[slideshow_deploy id='22175'] This spring, I got a text message from a friend of mine.
Paul: I'm going to pick mushrooms this afternoon. Want to come? Me: Why not?
Paul Kosmatka and I had been talking about his favorite pastime of mushroom hunting for a while, but that day in spring turned me on to a group of enthusiasts who can't wait for the wet, soggy days that send them off to the woods in search of the many wild, edible mushrooms that can be found in this region.
That first day in the woods near Seven Bridges Road, our main goal was to look for the oyster mushroom, which grows on the sides of dead and decaying trees. After a recent rainstorm, Paul thought the conditions might be good so we headed off down the trail.
"There are some," Paul said, quickly bounding off into the brush. "Where?" I asked, following but not seeing anything.
He had spied the mushrooms on a tree that must have been 50 yards from us. It wasn't until we were right next to them that I finally saw them. He quickly leaned over and pointed out the key features of this cluster of white, billowy mushrooms that grew on the side of a decaying tree. Paul pulled out his knife and gently sawed off the cluster, dropping them into his mushroom-harvesting bag, which he keeps with him at all times.

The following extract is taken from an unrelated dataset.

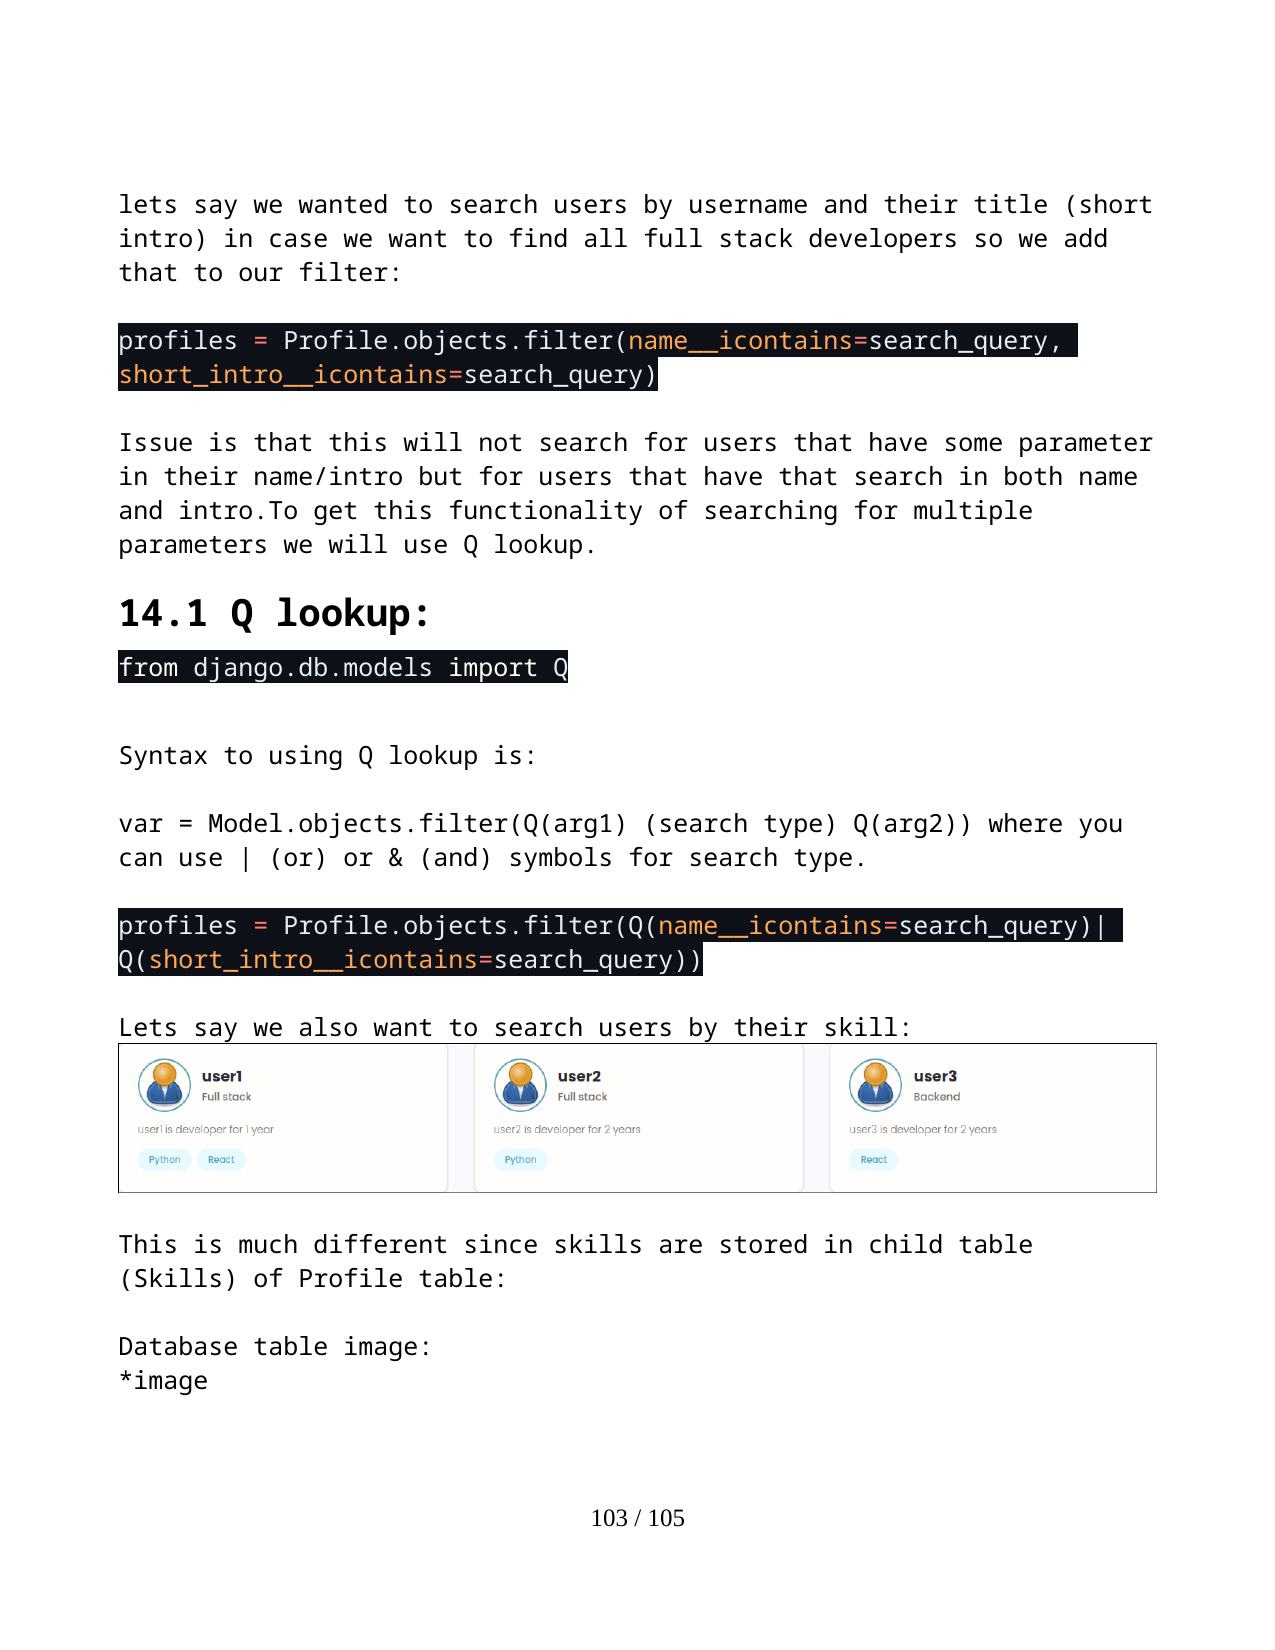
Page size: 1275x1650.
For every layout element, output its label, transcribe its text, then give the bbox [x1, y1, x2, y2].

Paul explained to me that his bag, made of an open-mesh material, is designed to allow the mushrooms to drop their spores as he walks along. This helps the mushrooms make more mushrooms.
Paul first got into mushrooming with his father and also with the encouragement of some neighbors, who would take him out on hikes and show him both where and when to look for mushrooms and also which ones were safe to eat. Since our first day hiking, Paul has brought me a variety of mushrooms, knowing that I enjoy cooking:
- oyster mushrooms, which are good in soups and asian food;
- sulfur shelf mushroom, aka chicken of the woods, which as the name suggests taste a bit like chicken;
- and recently, a nice batch of meadow mushrooms, which look a bit like giant versions of the most common mushrooms you find at the grocery store but with a much more earthy and vibrant flavor.
Many of the mushrooms that Paul has brought me can fetch upwards of $20 and $30 a pound in the grocery store. Now that I'm a wannabe mushroom aficionado, I find myself at a crossroads. As I hike through the woods, I have come to delight in finding new kinds of mushrooms growing everywhere. They are diverse and exotic and beautiful. But what I'm not ready to do is start identifying, picking and eating these mushrooms.
I really don't want to die.
Instead, I find myself taking pictures of the mushrooms with my cell phone and sending the images to Paul.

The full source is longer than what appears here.